Con tal propósito formula un cargo, por la causal primera de casación laboral, que no fue replicado y que pasa a ser examinado por la Corte. VI. CARGO ÚNICO Acusa la sentencia recurrida de violar por la vía directa, en la modalidad de interpretación errónea, «(…) los artículos 36 de la Ley 100 de 1993; que condujo a la inaplicación de los artículos 12, 13 y 20 del Acuerdo 049 de 1990 aprobado por el Decreto 758 de 1990, parágrafo 4º el artículo 1º del Acto Legislativo nº 1 de 2005, en armonía con los artículos 50, 141 y 142 de la Ley 100 de 1993, y a la vulneración de los artículos 48 y 53 de la Constitución Política».

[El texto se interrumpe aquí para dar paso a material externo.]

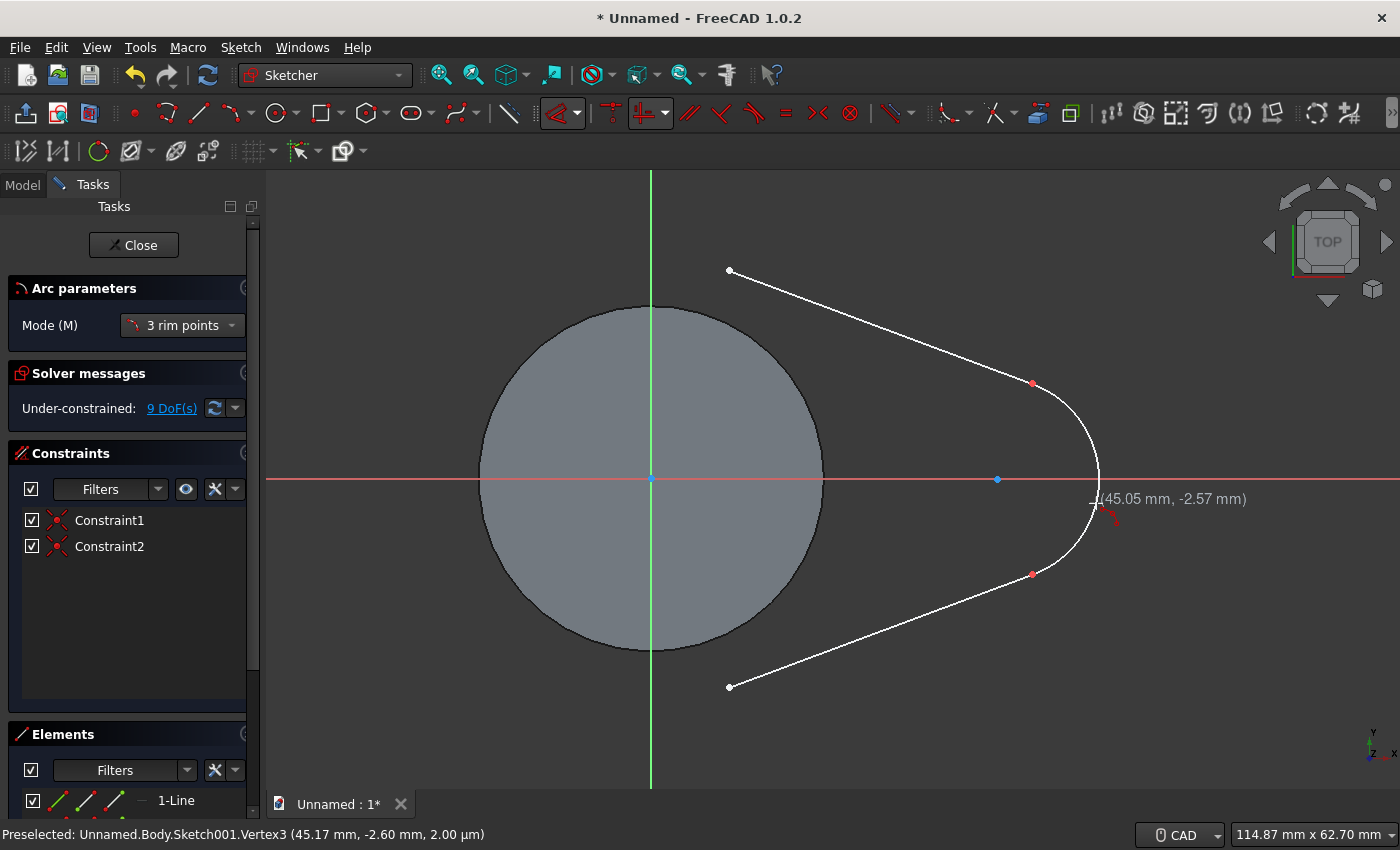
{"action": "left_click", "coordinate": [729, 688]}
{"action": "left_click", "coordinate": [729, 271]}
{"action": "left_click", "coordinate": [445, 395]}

En desarrollo de su acusación, el censor manifiesta que no es objeto de discusión y, por el contrario, se dio por demostrado por el ad quem que la demandante a 1 de abril de 1994 tenía más de 35 años de edad, lo que le permitía ser beneficiaria del régimen de transición del artículo 36 de la Ley 100 de 1993, que a su vez le protegía como régimen anterior el Acuerdo 049 de 1990 aprobado por el Decreto 758 de 1990.

Aduce que, pese a que el Tribunal aceptó que le asistía la precitada prerrogativa, a efectos de no dar aplicación a la misma, «(…) creó una tercera exigencia, no prevista por el legislador, en el sentido de requerir, además, la afiliación al sistema pensional con anterioridad a la vigencia del nuevo régimen general de pensiones»; y desconoció que los afiliados que cumplen los requisitos de edad y tiempo de servicios, se encuentran cobijados por el régimen de transición del artículo 36 de la Ley 100 de 1993, como si fuese un beneficio adquirido.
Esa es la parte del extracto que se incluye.